The Mag Trade | Aug 28, 2008 10:33
By all means, join the discussion being hosted by Mr Slack on the cloudy prospects for Winston Peters' future, but do feel free to pop over at some time and watch this week's Media7 programme on the magazine business.
As noted in the Media7 blog, there are some interesting trends in the domestic and international markets: what might be the start of a long-term slide for the gossip-oriented women's mags, lad mags doing down the toilet, gardening mags on the rise as staying home becomes the new going out -- and the hailing of a return to seriousness by the publishers of The Economist and The New Yorker (at home, North & South is flourishing under new direction with two successive six-monthly circulation increases).
The panel is Wendyl Nissen, Finlay Macdonald and New Zealand Gardener editor Lynda Hallinan.
The show is here on TVNZondemand, and also as Windows Media clips, the podcast and on our YouTube channel.
Oh, and the best of luck to our Paralympians, as they ship out to their games in Beijing.
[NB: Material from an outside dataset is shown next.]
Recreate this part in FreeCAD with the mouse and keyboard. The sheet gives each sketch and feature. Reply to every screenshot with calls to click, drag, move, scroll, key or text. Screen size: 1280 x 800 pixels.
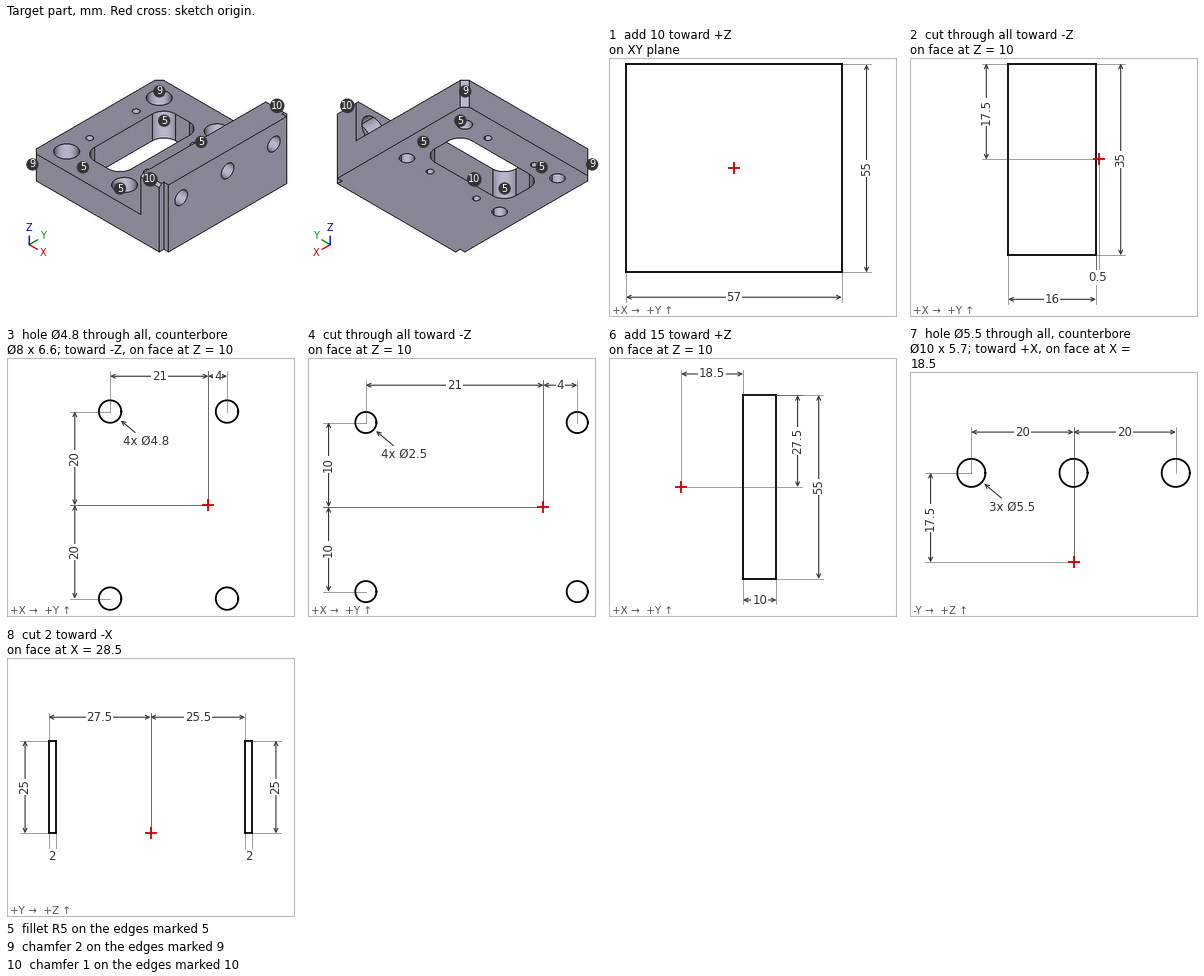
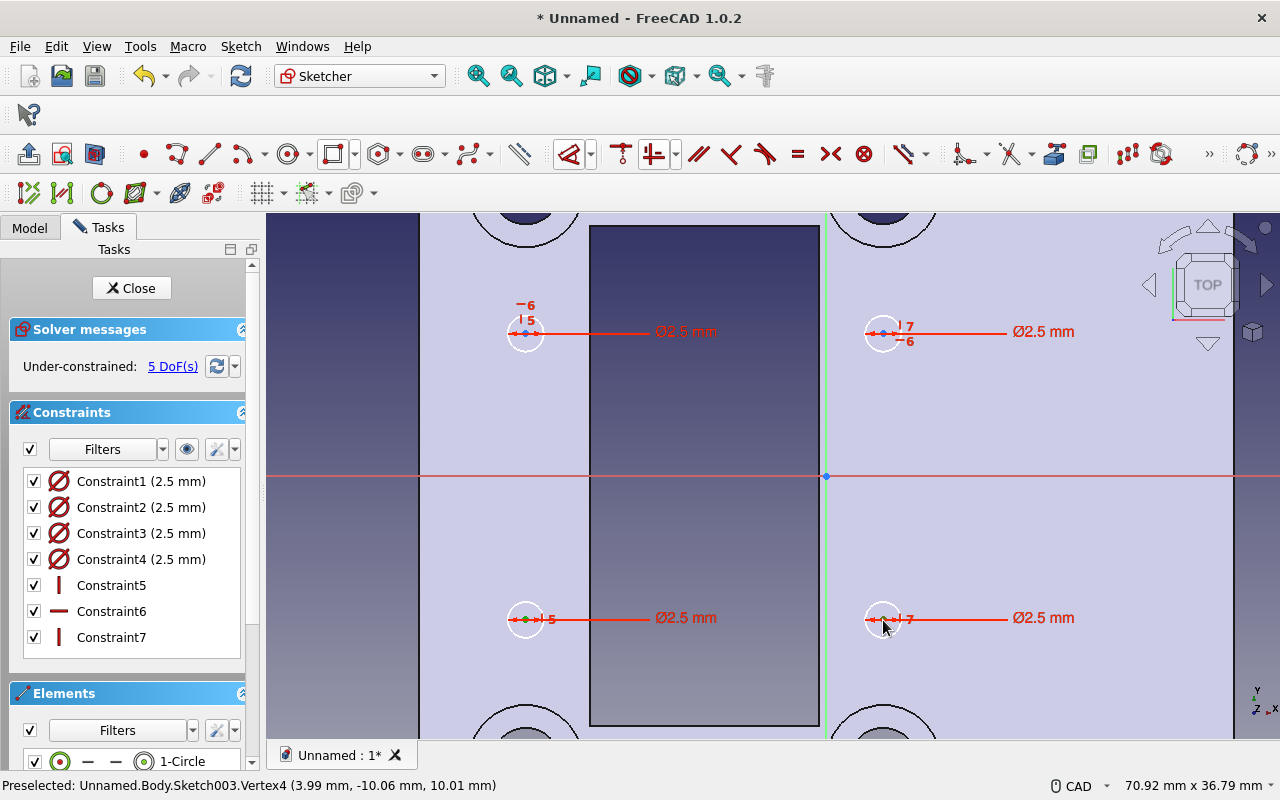
click(676, 154)

There are two good-looking documentaries screening at 11.30pm on Sunday and 11pm on Monday nights respectively on TV One. The first is Meet the Paralympians, which profiles the athletes, and the second is The Power of Attitude, which focuses on the full-on world of the Wheel Blacks. I'll link to them both when they reach ondemand.
Awesome | Aug 27, 2008 09:56
My eyes have teared up twice this week. One was when I tried to roll over during treatment on my messed-up back on Monday. And the other was while I watched Michelle Obama's Democratic convention speech.
I thought she was incredible. We're used to the idea that her husband is a great speaker, but he has become wearied on the campaign trail, turning metronomically between his left and right teleprompters in speech after speech. Michelle Obama seemed to be barely glancing at her prompts for quite long stretches, and she exuded an energy that seemed authentic and inspiring.
This is all the more remarkable given that her first task in this speech was to not frighten the horses; to disarm the right-wing talking points and the carefully-seeded rumours that have her as the Scary Black Woman.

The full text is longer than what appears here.